A fiduciary name is an extended name mixed with money equal to the current worth (adjusted for the low cost charge) of the strike value; this ensures that the investor has sufficient money to train the choice on the expiration date. Earlier than, we mentioned that TCKR places and calls with a strike value of $15 expiring in a single 12 months each traded at $5, however let’s assume for a second that they commerce without cost.

Put-Name Parity Instance

Say you additionally promote (or “write” or “quick”) a European put choice for TCKR inventory. The expiration date, strike value, and price of the choice are the identical. You obtain $5 from writing the choice, and it’s not as much as you whether or not or to not train the choice since you do not personal it. The customer purchases the appropriate, however not the duty, to promote you TCKR inventory on the strike value. This implies you’re obligated to take that deal, no matter TCKR’s market share value.
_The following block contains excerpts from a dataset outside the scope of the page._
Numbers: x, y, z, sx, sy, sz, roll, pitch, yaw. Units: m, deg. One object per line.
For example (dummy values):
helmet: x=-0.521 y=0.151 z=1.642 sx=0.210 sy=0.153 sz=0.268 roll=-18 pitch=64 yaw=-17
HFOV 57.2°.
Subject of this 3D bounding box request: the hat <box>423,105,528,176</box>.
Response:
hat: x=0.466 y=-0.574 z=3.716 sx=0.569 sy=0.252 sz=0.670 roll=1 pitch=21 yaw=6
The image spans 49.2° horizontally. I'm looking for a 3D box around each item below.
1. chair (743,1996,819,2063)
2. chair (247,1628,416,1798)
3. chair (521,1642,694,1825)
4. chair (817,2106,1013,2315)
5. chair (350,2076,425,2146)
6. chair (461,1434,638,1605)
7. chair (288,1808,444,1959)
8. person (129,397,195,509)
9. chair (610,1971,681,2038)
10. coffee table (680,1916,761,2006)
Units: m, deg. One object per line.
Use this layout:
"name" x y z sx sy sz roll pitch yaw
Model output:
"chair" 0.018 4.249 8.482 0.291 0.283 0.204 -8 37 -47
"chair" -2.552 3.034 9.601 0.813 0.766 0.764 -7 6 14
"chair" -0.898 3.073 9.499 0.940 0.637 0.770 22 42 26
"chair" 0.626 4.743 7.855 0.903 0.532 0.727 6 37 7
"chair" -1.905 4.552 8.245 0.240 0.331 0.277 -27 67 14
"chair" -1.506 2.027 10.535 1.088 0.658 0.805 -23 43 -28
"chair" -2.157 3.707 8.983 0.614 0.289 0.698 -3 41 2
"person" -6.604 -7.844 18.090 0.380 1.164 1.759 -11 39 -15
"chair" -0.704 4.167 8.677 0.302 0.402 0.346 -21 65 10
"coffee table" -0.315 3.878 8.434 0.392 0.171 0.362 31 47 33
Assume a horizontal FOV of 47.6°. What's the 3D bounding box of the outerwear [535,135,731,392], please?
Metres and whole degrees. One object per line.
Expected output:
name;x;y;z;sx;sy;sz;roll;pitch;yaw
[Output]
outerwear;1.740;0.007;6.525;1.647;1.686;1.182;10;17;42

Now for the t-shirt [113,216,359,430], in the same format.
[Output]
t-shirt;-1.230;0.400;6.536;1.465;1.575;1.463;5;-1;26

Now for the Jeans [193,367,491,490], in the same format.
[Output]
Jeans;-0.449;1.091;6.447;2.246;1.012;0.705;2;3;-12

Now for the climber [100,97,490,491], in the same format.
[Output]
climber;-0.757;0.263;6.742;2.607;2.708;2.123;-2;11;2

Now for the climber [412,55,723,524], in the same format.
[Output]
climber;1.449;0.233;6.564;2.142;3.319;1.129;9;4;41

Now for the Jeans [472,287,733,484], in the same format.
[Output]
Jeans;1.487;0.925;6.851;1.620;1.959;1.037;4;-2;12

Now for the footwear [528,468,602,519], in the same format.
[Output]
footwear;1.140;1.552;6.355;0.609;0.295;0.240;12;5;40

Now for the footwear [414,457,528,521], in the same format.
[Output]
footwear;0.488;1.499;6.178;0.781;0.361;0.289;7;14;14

So if TCKR trades at $10 a 12 months from now, the customer sells you the inventory at $15. You each break even—you already made $5 from promoting the put, making up your shortfall, whereas the customer already spent $5 to purchase it, consuming up their achieve. If TCKR trades at $15 or above, you make $5 and solely $5, for the reason that different social gathering would not train the choice. If TCKR trades under $10, you lose cash—as much as $10, if TCKR goes to zero.

The revenue or loss on these positions for various TCKR inventory costs is highlighted within the graph straight above this part. Discover that in case you add the revenue or loss on the lengthy name to that of the quick put, you make or lose precisely what you’ll have in case you had merely signed a ahead contract for TCKR inventory at $15, expiring in a single 12 months. If shares go for lower than $15, you lose cash. In the event that they go for extra, you achieve. Once more, this situation ignores all transaction charges.

One other option to think about put-call parity is to check the efficiency of a protecting put and a fiduciary name of the identical class. A protecting put is an extended inventory place mixed with an extended put, which acts to restrict the draw back of holding the inventory.

A fiduciary name is an extended name mixed with money equal to the current worth (adjusted for the low cost charge) of the strike value; this ensures that the investor has sufficient money to train the choice on the expiration date. Earlier than, we mentioned that TCKR places and calls with a strike value of $15 expiring in a single 12 months each traded at $5, however let’s assume for a second that they commerce without cost.